This portion of the docs can be updated on its own (minus the systemd bits).
> diff --git a/builtin/gc.c b/builtin/gc.c
> index ef7226d7bc..7c72aa3b99 100644
> --- a/builtin/gc.c
> +++ b/builtin/gc.c
> @@ -1544,6 +1544,15 @@ static const char *get_frequency(enum schedule_priority schedule)
>  	}
>  }
>  
> +static int is_launchctl_available(const char *cmd)
> +{
> +#ifdef __APPLE__
> +	return 1;
> +#else
> +	return 0;
> +#endif
> +}
> +
>  static char *launchctl_service_name(const char *frequency)
>  {
>  	struct strbuf label = STRBUF_INIT;
> @@ -1710,6 +1719,15 @@ static int launchctl_update_schedule(int run_maintenance, int fd, const char *cm
>  		return launchctl_remove_plists(cmd);
>  }
>  
> +static int is_schtasks_available(const char *cmd)
> +{
> +#ifdef GIT_WINDOWS_NATIVE
> +	return 1;
> +#else
> +	return 0;
> +#endif
> +}
> +
>  static char *schtasks_task_name(const char *frequency)
>  {
>  	struct strbuf label = STRBUF_INIT;
> @@ -1872,6 +1890,28 @@ static int schtasks_update_schedule(int run_maintenance, int fd, const char *cmd
>  		return schtasks_remove_tasks(cmd);
>  }
>  
> +static int is_crontab_available(const char *cmd)
> +{
> +	static int cached_result = -1;
> +	struct child_process child = CHILD_PROCESS_INIT;
> +
> +	if (cached_result != -1)
> +		return cached_result;
> +
> +	strvec_split(&child.args, cmd);
> +	strvec_push(&child.args, "-l");
> +	child.no_stdin = 1;
> +	child.no_stdout = 1;
> +	child.no_stderr = 1;
> +	child.silent_exec_failure = 1;
> +
> +	if (start_command(&child))
> +		return cached_result = 0;
> +	/* Ignore exit code, as an empty crontab will return error. */
> +	finish_command(&child);
> +	return cached_result = 1;
> +}
> +

These is_X_available() methods are valuable helpers.

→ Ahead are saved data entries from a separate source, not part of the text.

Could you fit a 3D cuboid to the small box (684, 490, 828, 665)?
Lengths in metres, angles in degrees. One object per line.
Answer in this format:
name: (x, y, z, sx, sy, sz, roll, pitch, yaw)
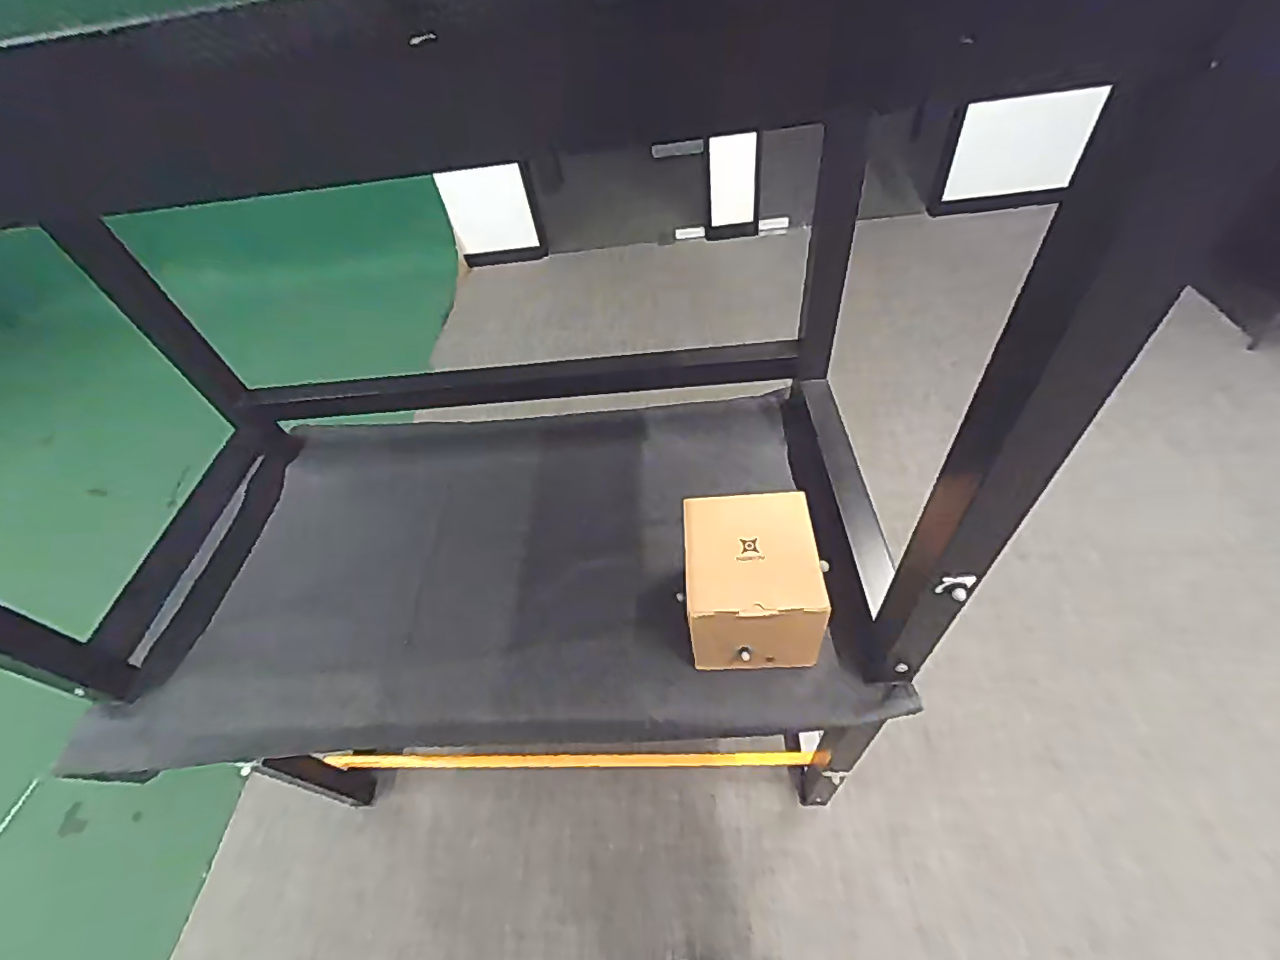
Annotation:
small box: (0.147, 0.135, 0.739, 0.168, 0.176, 0.179, -4, 49, 7)
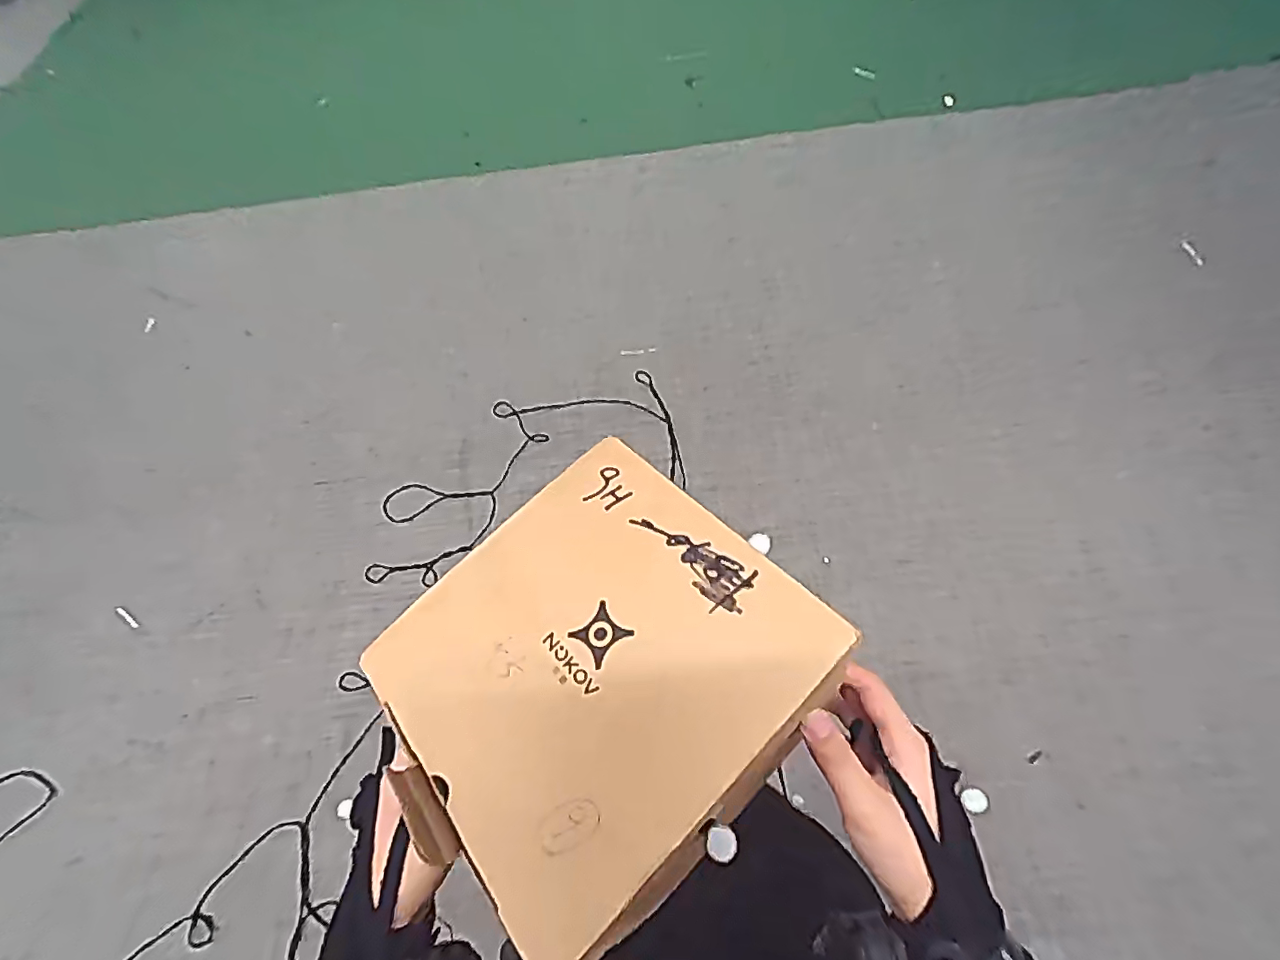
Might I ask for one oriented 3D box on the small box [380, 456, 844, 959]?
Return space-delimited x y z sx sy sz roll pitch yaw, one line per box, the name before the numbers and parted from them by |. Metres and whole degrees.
small box | -0.004 0.126 0.323 0.179 0.176 0.168 -43 59 -13
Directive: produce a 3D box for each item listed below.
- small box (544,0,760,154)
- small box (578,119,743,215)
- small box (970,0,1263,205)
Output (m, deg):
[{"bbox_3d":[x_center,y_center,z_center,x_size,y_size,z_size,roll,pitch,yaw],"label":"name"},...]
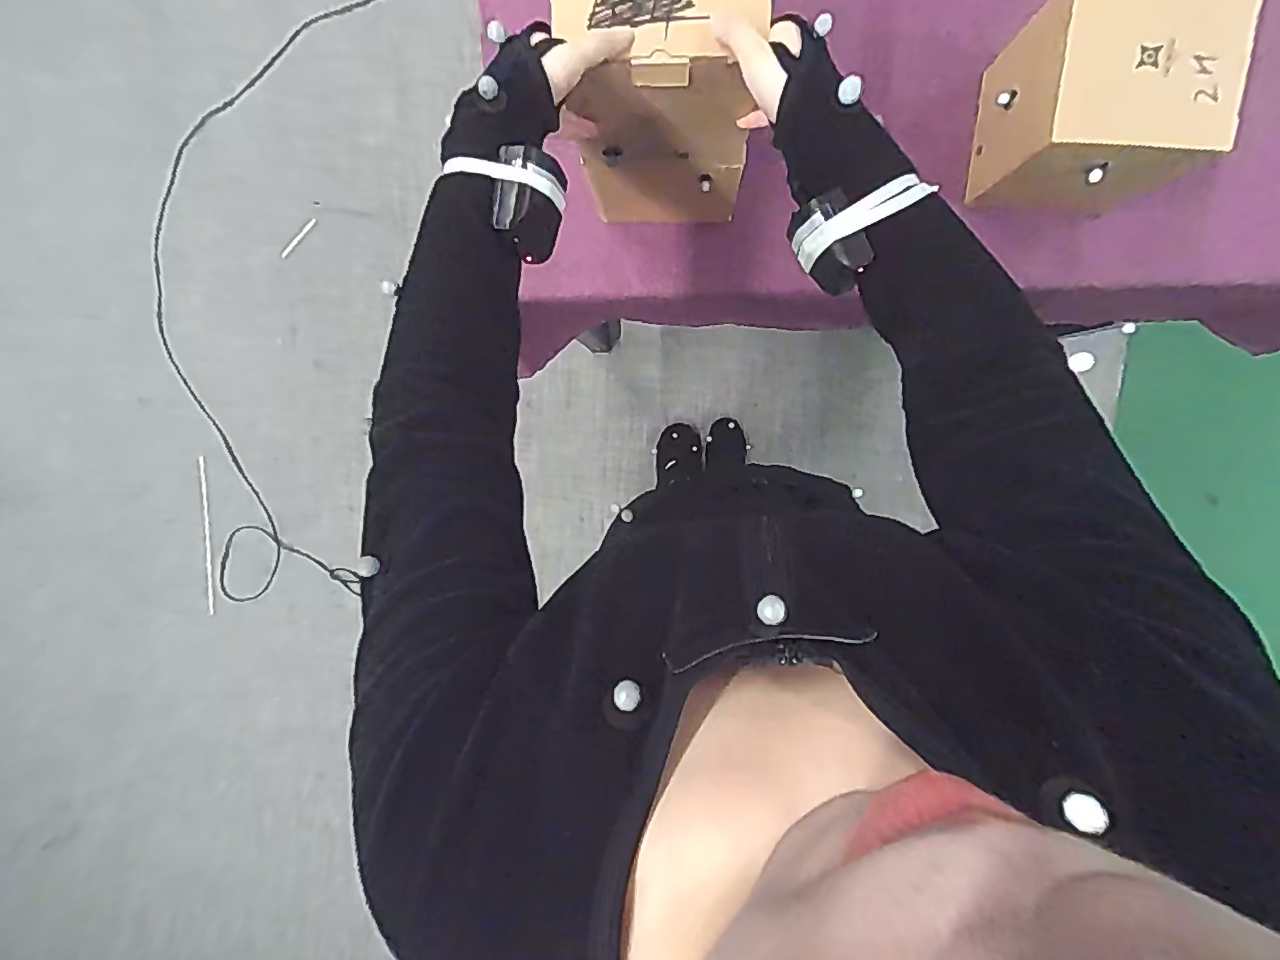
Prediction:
[{"bbox_3d":[0.015,-0.414,0.478,0.168,0.176,0.179,1,96,3],"label":"small box"},{"bbox_3d":[0.028,-0.429,0.641,0.179,0.176,0.168,2,97,4],"label":"small box"},{"bbox_3d":[0.505,-0.425,0.601,0.179,0.176,0.168,6,98,4],"label":"small box"}]

Adding
is_systemd_timer_available() in the second patch will be
simpler with this framework in place.

> +enum scheduler {
> +	SCHEDULER_INVALID = -1,
> +	SCHEDULER_AUTO = 0,
> +	SCHEDULER_CRON = 1,
> +	SCHEDULER_SYSTEMD = 2,
> +	SCHEDULER_LAUNCHCTL = 3,
> +	SCHEDULER_SCHTASKS = 4,
> +};
> +
> +static const struct {
> +	int (*is_available)(const char *cmd);
> +	int (*update_schedule)(int run_maintenance, int fd, const char *cmd);
> +	const char *cmd;
> +} scheduler_fn[] = {
> +	[SCHEDULER_CRON] = { is_crontab_available, crontab_update_schedule,
> +			     "crontab" },
> +	[SCHEDULER_SYSTEMD] = { is_systemd_timer_available,
> +				systemd_timer_update_schedule, "systemctl" },
> +	[SCHEDULER_LAUNCHCTL] = { is_launchctl_available,
> +				  launchctl_update_schedule, "launchctl" },
> +	[SCHEDULER_SCHTASKS] = { is_schtasks_available,
> +				 schtasks_update_schedule, "schtasks" },
> +};

This is also good to include, minus the systemd lines.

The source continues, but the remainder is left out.